WORK TO BE COMPLETED:
Take from the material every line containing the string "that" and copy it.

SOURCE DATA:
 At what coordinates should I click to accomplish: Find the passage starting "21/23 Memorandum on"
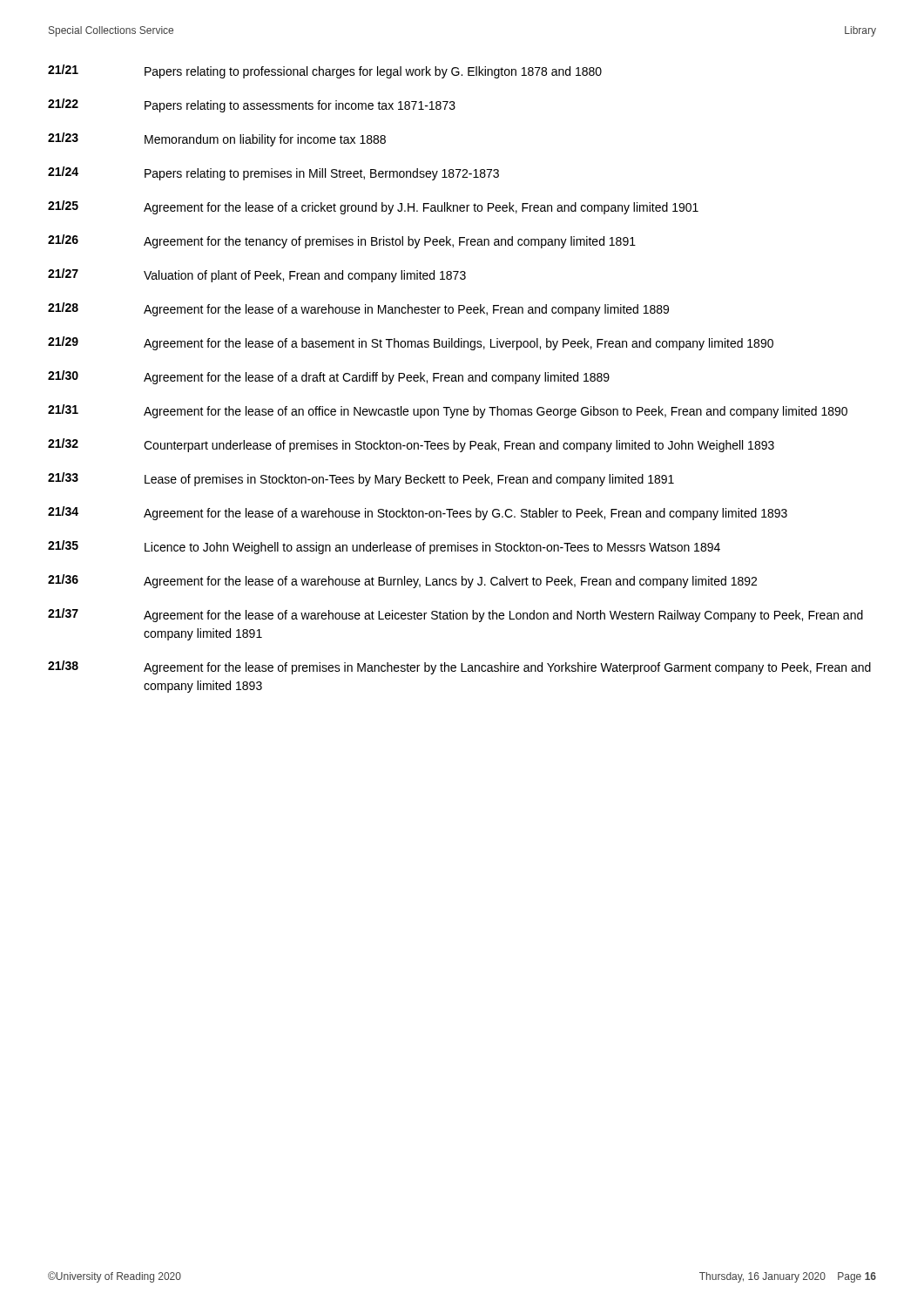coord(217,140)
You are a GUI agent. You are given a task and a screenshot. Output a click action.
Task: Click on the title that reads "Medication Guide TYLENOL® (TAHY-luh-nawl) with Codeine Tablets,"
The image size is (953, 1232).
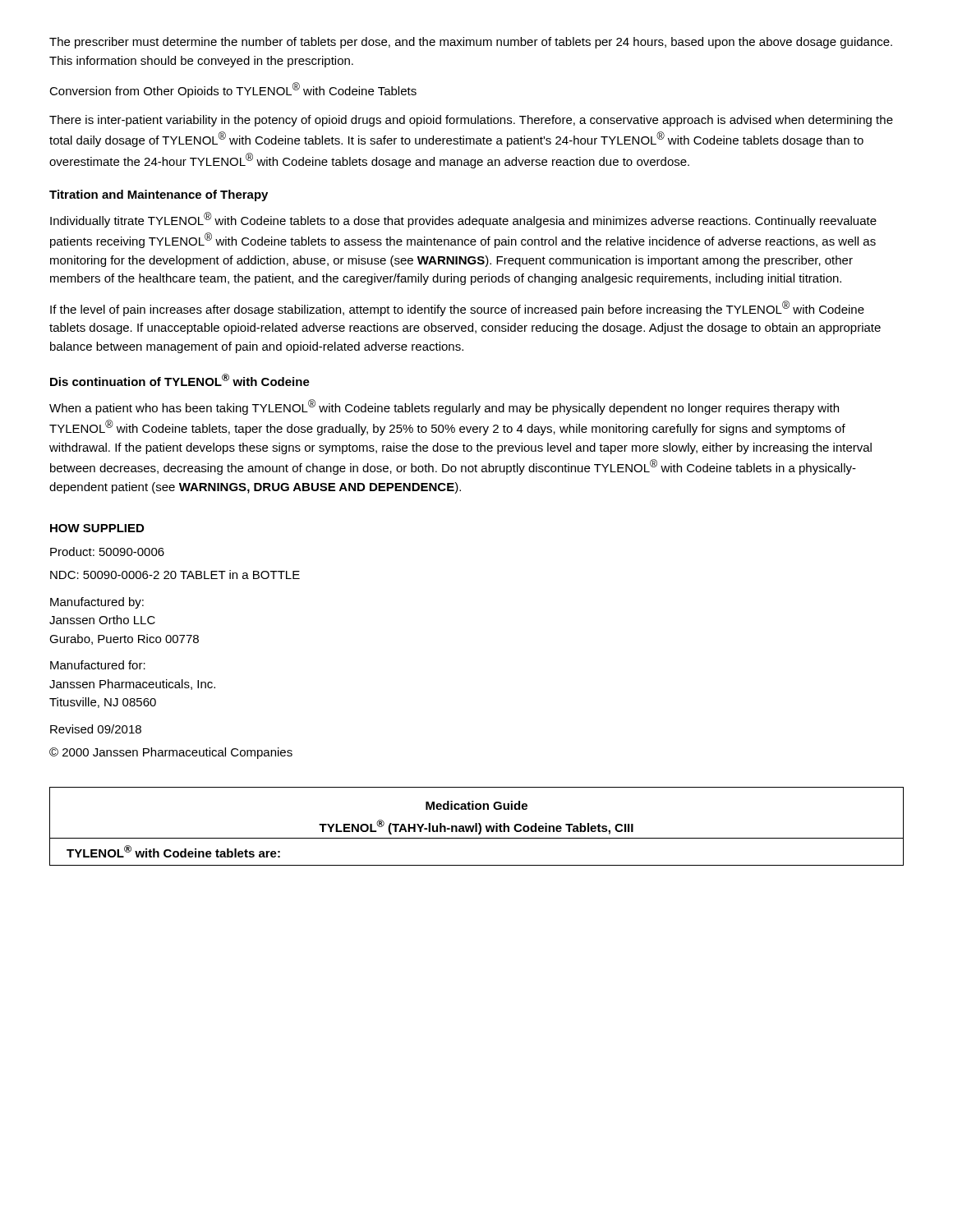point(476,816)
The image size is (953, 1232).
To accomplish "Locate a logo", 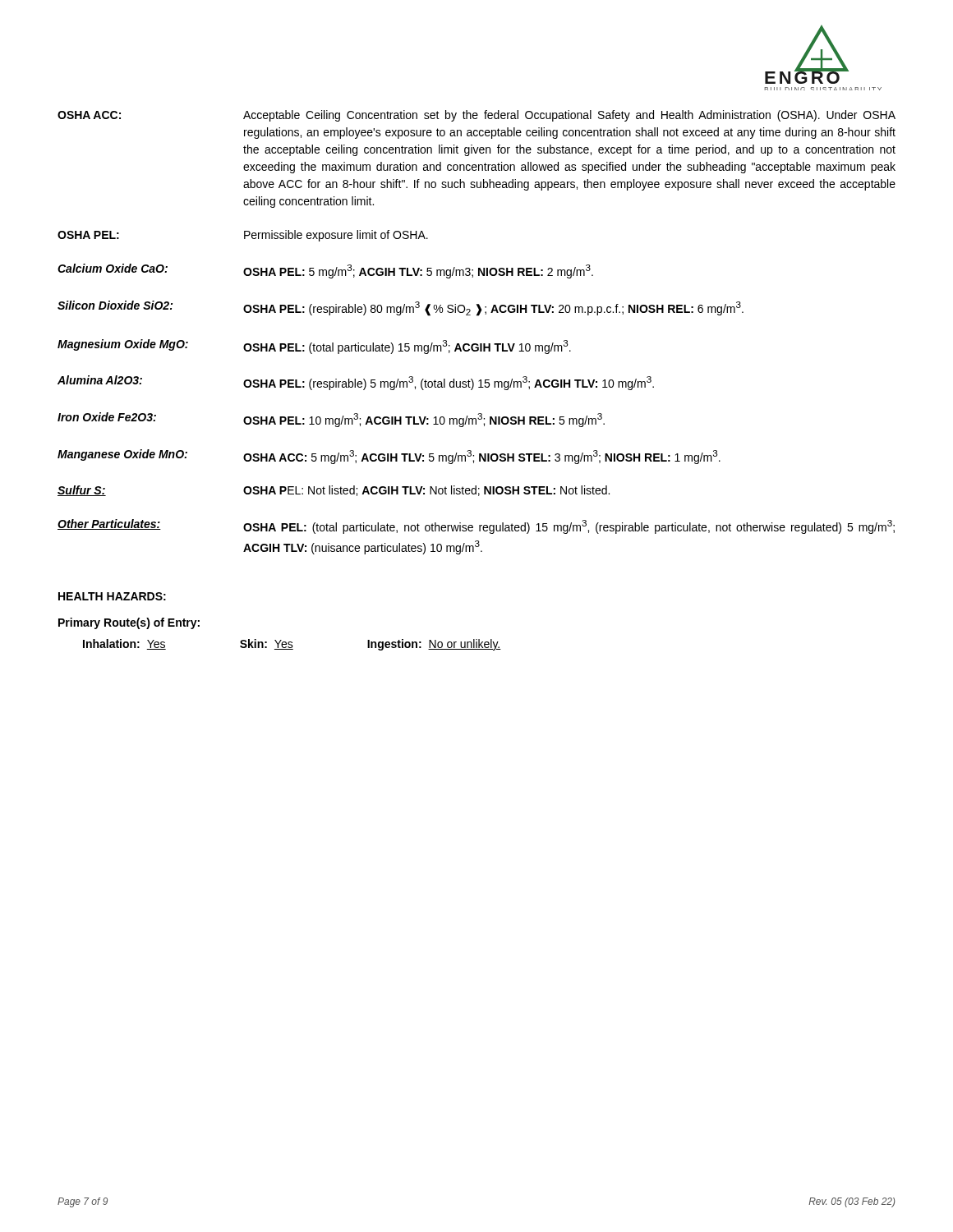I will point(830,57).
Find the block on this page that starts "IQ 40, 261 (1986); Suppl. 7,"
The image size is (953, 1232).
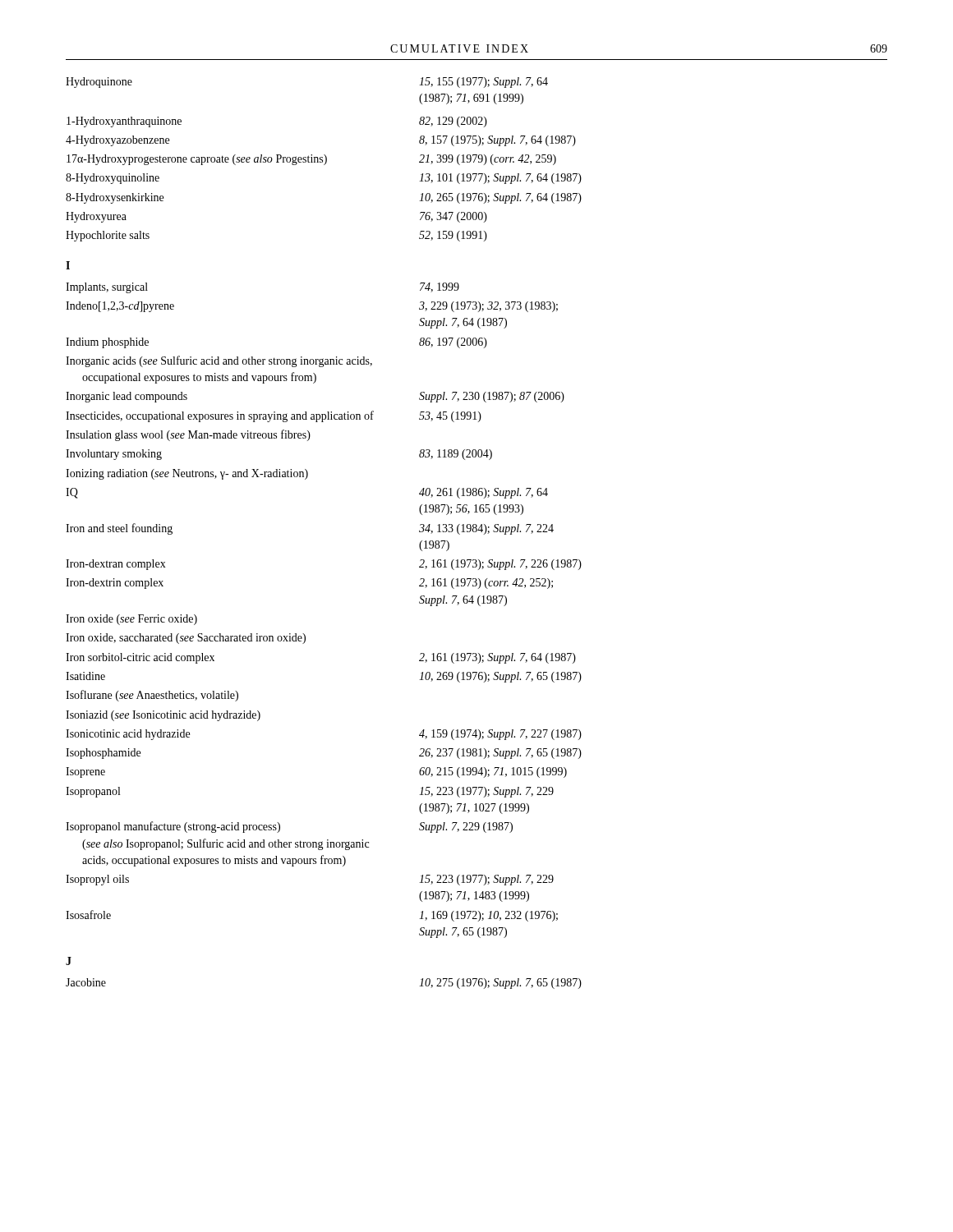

COMPLETED TASK:
Task: Click on the title that reads "Medication Guide TYLENOL® (TAHY-luh-nawl) with Codeine Tablets,"
Find the block on this page that starts "IQ 40, 261 (1986); Suppl. 7,"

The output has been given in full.